Imagine a robot that learns to balance a pole, swing a pendulum upright, or drive out of a valley—without human engineers painstakingly programming every little movement or collecting thousands of example demonstrations. This paper explores how large language models (LLMs)—the same kind of systems used for chatbots—can be turned into "brains" that design and improve control strategies for such moving machines, relying largely on text descriptions and a bit of trial and error.

Figure 1
Figure 1.

From Words to Motions

Traditional robot control often breaks movement into fixed building blocks, such as predefined walking steps or reaching motions. A higher-level program then selects and sequences these pieces. While this works in simple settings, it struggles in more fluid situations where movements blend into one another and must be finely tuned moment by moment. The authors instead ask LLMs to create full control rules that directly map what the robot senses—its position, speed, angles, and so on—into continuous motor commands. The only starting information the model receives is a natural-language description of the robot’s body, its sensors and motors, the surrounding environment, and what it is supposed to achieve.

A Loop of Reflection and Refinement

The heart of the approach is an iterative learning loop the authors call Iterative Policy Refinement. In the first step, the LLM is prompted to think through the problem in stages: it first outlines a high-level strategy in plain language, then turns that into clear IF–THEN–ELSE style rules, and finally converts those rules into executable code. That initial controller is run inside a simulated environment—such as a cart with a pole that must be kept upright—and the robot’s performance is measured. Crucially, short snippets of the robot’s sensory readings and corresponding actions are then fed back to the LLM, together with a summary of how well the strategy worked. The LLM is asked to analyze these traces, spot weaknesses, and generate an improved controller. This cycle repeats many times, gradually polishing the behavior.

Figure 2
Figure 2.

Putting the Idea to the Test

To check whether this method really works, the researchers tried it on a set of classic benchmark tasks used in reinforcement learning: balancing a cart–pole system, swinging and stabilizing a pendulum, driving a car up a steep hill, and solving an acrobot task where a two-link system must be swung up to a target height. They also tackled an inverted pendulum task from a popular physics simulator. These tasks are simple enough to study in detail but still capture key challenges: the robot does not see everything at once, rewards come with delay, and the physics can be highly unstable. The team compared several modern open-source language models of roughly 70–120 billion parameters, varied how much randomness they allowed in the model’s outputs, and repeated each experiment multiple times to get reliable statistics.

How Well Do Language Models Control Machines?

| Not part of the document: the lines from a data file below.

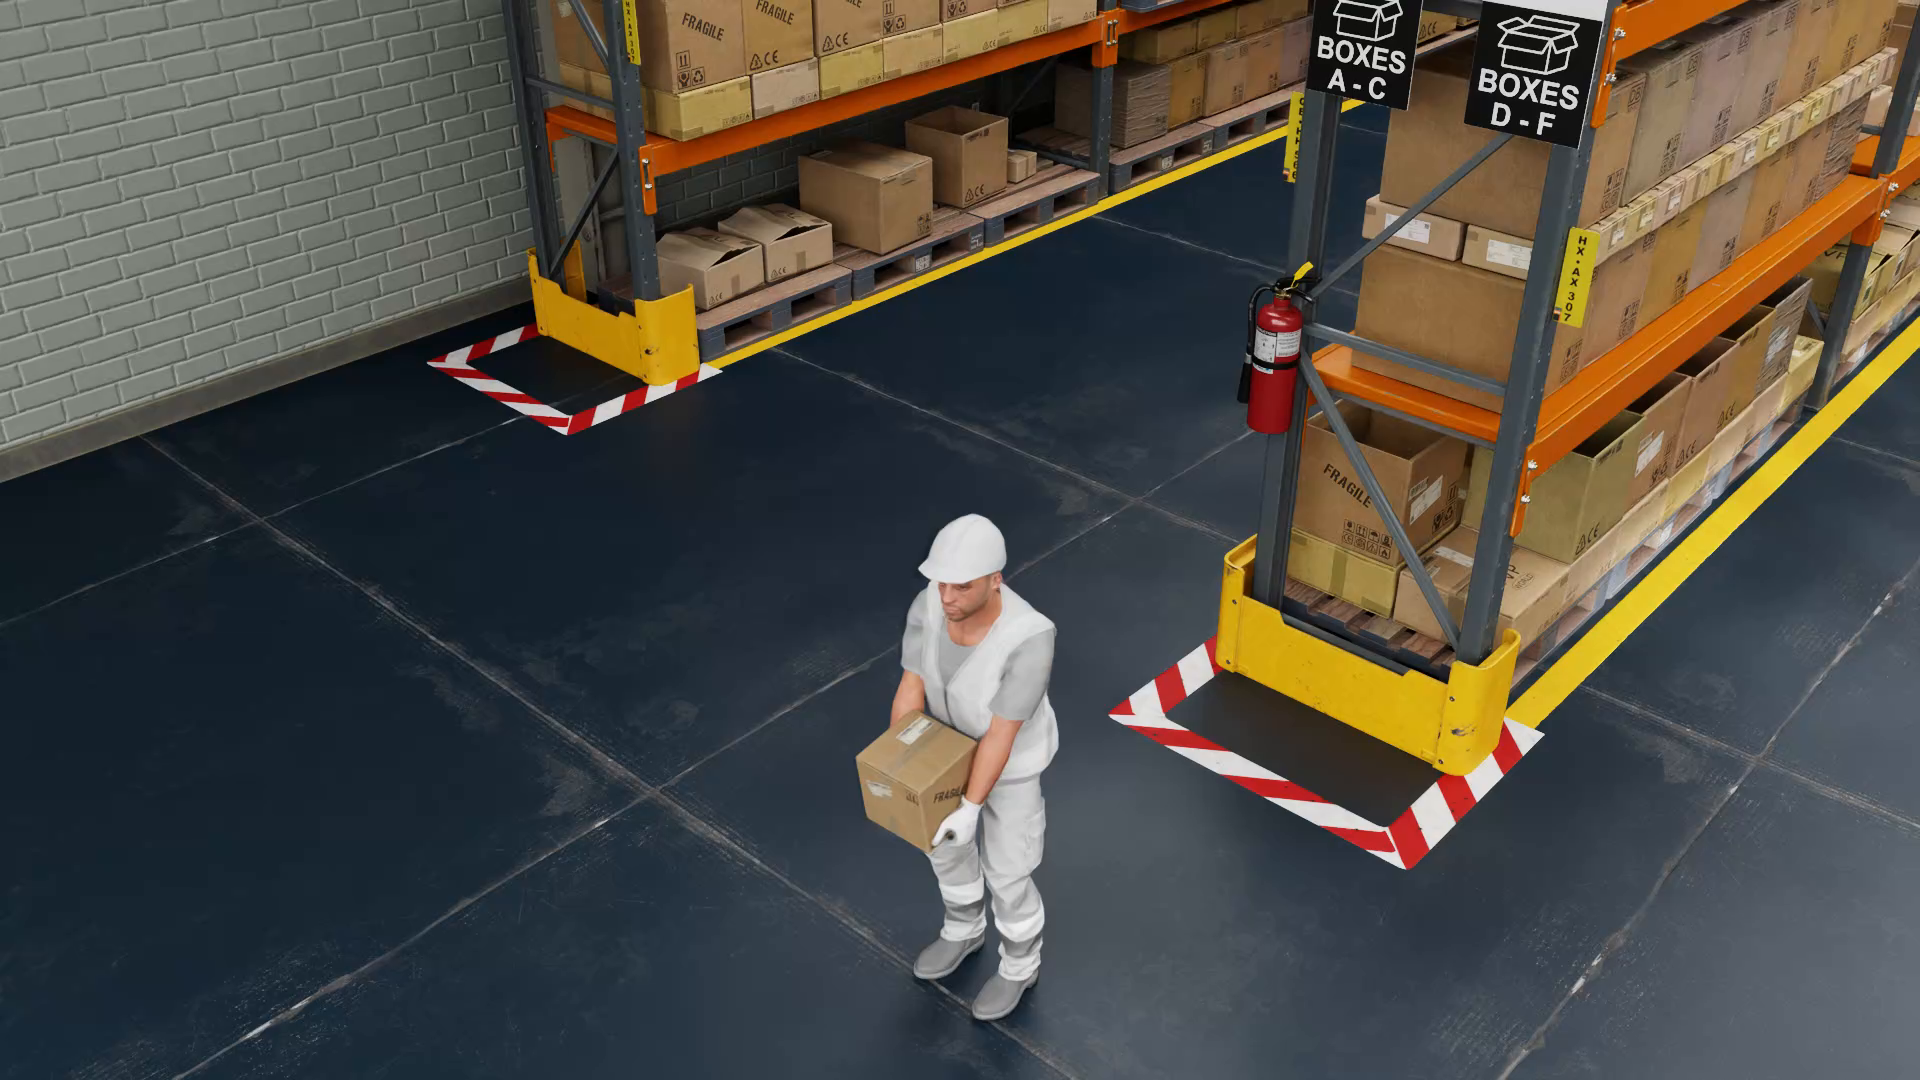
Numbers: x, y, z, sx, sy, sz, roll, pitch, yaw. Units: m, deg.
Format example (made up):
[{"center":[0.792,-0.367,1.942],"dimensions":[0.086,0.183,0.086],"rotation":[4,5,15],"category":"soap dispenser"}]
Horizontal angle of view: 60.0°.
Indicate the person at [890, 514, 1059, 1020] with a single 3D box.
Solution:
[{"center":[0.023,0.701,4.961],"dimensions":[0.493,1.770,0.573],"rotation":[24,39,34],"category":"person"}]

The best-performing model, a 120-billion-parameter system called GPT-oss, consistently discovered high-quality control strategies across most tasks, often reaching optimal or near-optimal scores. Another model, Qwen2.5, performed particularly well on some problems, even outperforming GPT-oss on the inverted pendulum, though it struggled on others such as the standard pendulum task. Importantly, the first controllers the LLMs produced were often mediocre, showing that they were not merely recalling canned solutions from training data. Performance improved markedly over iterations as the models used feedback to adjust which sensor signals mattered most and how they should influence actions. The authors also probed how many time steps of sensor data to include in each refinement prompt and what pieces of feedback were most critical, finding that an intermediate amount of data and rich information about previous strategies worked best.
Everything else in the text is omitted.